Tuesday, June 07, 2011

Next space station crew set for launch

Fueling of a Russian Soyuz booster has begun in preparation for a blastoff from central Asia at 4:12 p.m. EDT today that will deliver American astronaut Mike Fossum and two crewmates to the International Space Station.

Fossum, cosmonaut Sergei Volkov and Japanese astronaut Satoshi Furukawa will soon begin suiting up at Site 254 at the Baikonur Cosmodrome in Kazakhstan before boarding their Soyuz TMA-02 spacecraft around 1:30 p.m.

The rocket will launch from the same pad from which Yuri Gagarin blasted off 50 years ago in April to become the first human in space.

The crew will double to six the number of full-time station residents, filling out the Expeditions 28 crew that next month will welcome the last shuttle to visit the orbiting science research complex. 

American Ron Garan and cosmonauts Andrey Borisenko and Alexander Samokutyaev are already on board the station, await the new crew's planned arrival at 5:22 p.m.

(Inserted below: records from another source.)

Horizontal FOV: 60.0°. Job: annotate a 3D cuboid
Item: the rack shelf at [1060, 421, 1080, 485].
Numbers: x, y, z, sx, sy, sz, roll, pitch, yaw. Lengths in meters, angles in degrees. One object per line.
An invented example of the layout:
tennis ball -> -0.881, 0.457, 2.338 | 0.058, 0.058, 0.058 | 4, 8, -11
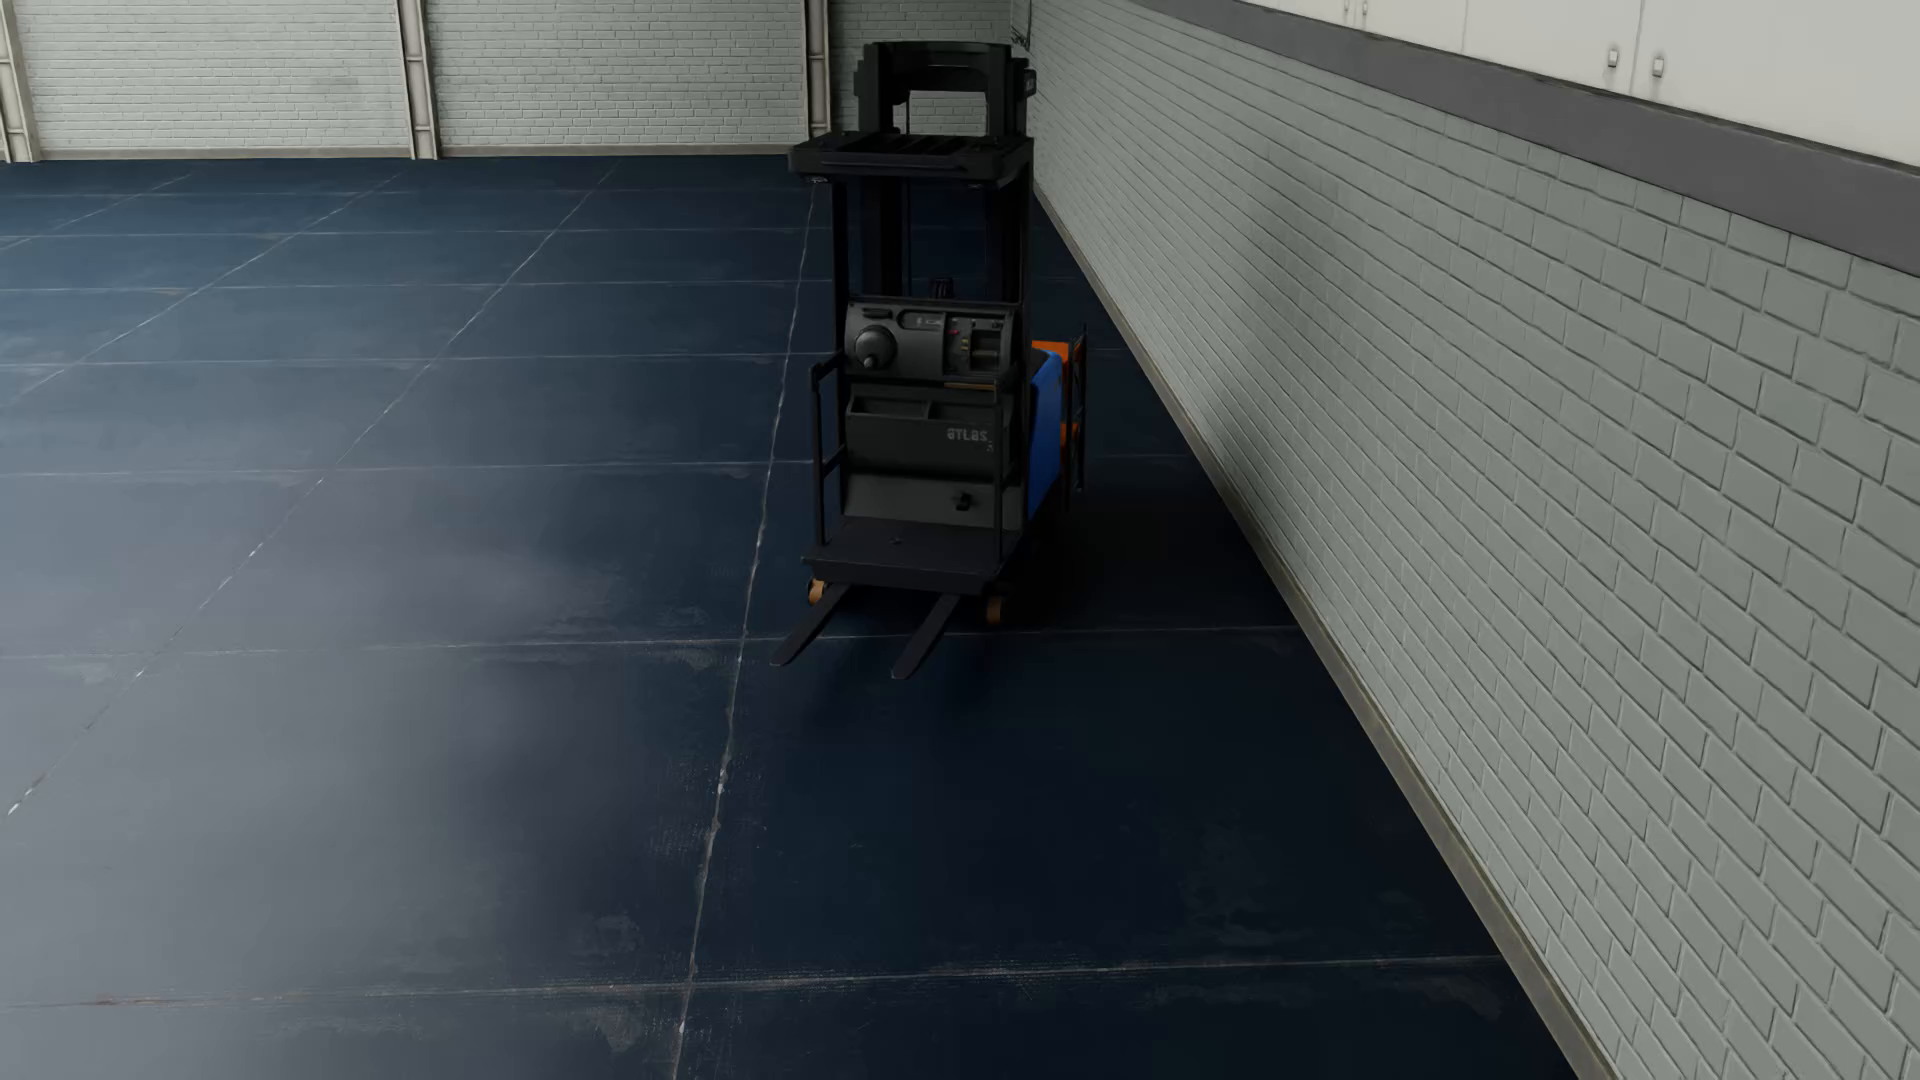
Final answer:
rack shelf -> 0.251, -0.607, 10.823 | 1.000, 0.278, 0.538 | 5, 21, 14

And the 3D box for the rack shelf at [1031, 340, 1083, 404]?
rack shelf -> 0.251, -1.110, 10.632 | 1.000, 0.278, 0.538 | 5, 21, 14

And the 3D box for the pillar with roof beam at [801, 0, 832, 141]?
pillar with roof beam -> -1.943, -8.660, 20.220 | 0.400, 9.000, 9.100 | -1, 21, -3

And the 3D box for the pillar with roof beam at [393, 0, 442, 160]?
pillar with roof beam -> -7.933, -8.538, 19.900 | 0.400, 9.000, 9.100 | -1, 21, -3

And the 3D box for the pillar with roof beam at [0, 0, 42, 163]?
pillar with roof beam -> -13.923, -8.416, 19.580 | 0.400, 9.000, 9.100 | -1, 21, -3

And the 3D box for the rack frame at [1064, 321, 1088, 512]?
rack frame -> 0.743, -0.790, 10.616 | 0.032, 1.125, 0.500 | 5, 21, 14

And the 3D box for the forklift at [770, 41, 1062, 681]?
forklift -> -0.217, -1.060, 8.786 | 1.130, 2.935, 3.031 | 5, 21, 13

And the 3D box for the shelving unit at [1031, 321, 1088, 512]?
shelving unit -> 0.251, -0.836, 10.736 | 1.048, 1.125, 0.538 | 5, 21, 14

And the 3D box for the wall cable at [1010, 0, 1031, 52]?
wall cable -> 0.828, -8.328, 23.712 | 0.112, 2.526, 3.097 | -1, 21, -3

Thursday.

Watch live launch coverage here starting at 3:30 p.m. by clicking the NASA TV box at right.

Fossum, 53, is a retired colonel in the U.S. Air Force Reserves and two-time shuttle flyer. His ties to NASA date to engineering support for early shuttle missions and later work on the space station's redesign in the 90s, which followed a stint as a flight test engineer at Edwards Air Force Base.

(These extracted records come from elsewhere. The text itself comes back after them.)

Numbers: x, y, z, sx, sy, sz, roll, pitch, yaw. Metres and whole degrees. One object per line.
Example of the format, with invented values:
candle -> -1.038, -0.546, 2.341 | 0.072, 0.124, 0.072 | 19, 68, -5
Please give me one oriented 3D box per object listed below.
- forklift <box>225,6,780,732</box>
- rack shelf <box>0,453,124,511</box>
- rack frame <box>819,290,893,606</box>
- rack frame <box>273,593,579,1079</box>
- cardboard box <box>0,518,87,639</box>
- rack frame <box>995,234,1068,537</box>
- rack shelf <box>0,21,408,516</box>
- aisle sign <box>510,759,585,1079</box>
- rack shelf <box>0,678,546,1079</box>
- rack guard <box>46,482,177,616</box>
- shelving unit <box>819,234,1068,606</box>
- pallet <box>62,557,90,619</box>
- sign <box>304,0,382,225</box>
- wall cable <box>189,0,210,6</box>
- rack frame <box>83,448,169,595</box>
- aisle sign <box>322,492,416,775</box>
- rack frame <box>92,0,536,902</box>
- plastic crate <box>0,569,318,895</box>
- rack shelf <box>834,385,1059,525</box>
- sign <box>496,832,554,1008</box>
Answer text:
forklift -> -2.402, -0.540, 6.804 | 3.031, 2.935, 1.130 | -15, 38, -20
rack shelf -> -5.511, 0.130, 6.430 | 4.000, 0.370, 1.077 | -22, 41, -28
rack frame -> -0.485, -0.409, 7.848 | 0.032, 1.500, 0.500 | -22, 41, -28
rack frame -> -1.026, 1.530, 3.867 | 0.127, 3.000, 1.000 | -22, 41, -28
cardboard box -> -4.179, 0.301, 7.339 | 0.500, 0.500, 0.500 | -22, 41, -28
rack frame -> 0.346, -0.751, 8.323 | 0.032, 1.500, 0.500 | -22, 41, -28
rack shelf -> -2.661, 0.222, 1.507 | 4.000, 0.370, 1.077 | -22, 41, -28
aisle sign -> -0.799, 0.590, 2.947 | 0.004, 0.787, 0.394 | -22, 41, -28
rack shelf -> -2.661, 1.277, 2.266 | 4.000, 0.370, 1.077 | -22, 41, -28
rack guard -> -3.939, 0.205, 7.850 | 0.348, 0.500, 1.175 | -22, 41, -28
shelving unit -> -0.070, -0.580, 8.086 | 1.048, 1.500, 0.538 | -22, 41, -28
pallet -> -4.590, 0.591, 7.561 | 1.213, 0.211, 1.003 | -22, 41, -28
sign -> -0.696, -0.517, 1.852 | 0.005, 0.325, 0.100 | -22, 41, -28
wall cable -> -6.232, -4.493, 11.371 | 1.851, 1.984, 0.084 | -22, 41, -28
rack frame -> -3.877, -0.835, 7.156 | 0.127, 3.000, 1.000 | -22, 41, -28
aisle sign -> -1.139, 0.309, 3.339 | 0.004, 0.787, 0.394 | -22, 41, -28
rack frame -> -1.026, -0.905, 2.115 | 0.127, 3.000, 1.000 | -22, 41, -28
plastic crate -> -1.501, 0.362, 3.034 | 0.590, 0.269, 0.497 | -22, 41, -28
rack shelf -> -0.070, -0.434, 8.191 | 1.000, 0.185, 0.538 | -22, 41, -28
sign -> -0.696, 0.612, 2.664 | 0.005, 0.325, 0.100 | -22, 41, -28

Married with four children and a new granddaughter, Fossum flew shuttle Discovery in 2006 on the second Return to Flight mission and again in 2008 on a mission that delivered Japan's Kibo lab.

Volkov, 38, is making his second spaceflight and second long-duration stay on the station, which he commanded in 2008. At that time he became the world's first second generation space traveler. Father Alexander Volkov was aboard the Mir space station with Sergei Krikalev in 1991 when the Soviet Union collapsed in 1991.

Sergei Volkov is married with two sons, the youngest of which is only about six months old.

Furukawa, 47, is a former surgeon making his first spaceflight. He'll be the third Japanese astronaut to perform a long-duration mission, following Koichi Wakata and Soichi Noguchi. He's married with a son and a daughter.

Their Soyuz TMA-02 spacecraft is the second in a new series flying with upgraded guidance and navigation systems and digital data processing units.

IMAGE: At the Baikonur Cosmodrome in Kazakhstan on June 3, NASA astronaut Mike Fossum (left), Expedition 28 flight engineer; cosmonaut and Soyuz commander Sergei Volkov (center) and Japan Aerospace Exploration Agency astronaut Satoshi Furukawa posed for pictures in front of the Soyuz booster in the integration facility. Photo credit: NASA/Victor Zelentsov

1 comment:

Calli Arcale said...

Minor quibble -- shouldn't it be Soyuz TMA-M02? Second in the Soyuz TMA-M series? Soyuz TMA-02 flew years ago.

Just checked RussianSpaceWeb.com; they're calling it Soyuz TMA-02M. In any case, I'm sure that M needs to be there to distinguish it from Soyuz TMA-02, which delivered Yuri Malenchenko and Ed Lu to the ISS in 2003.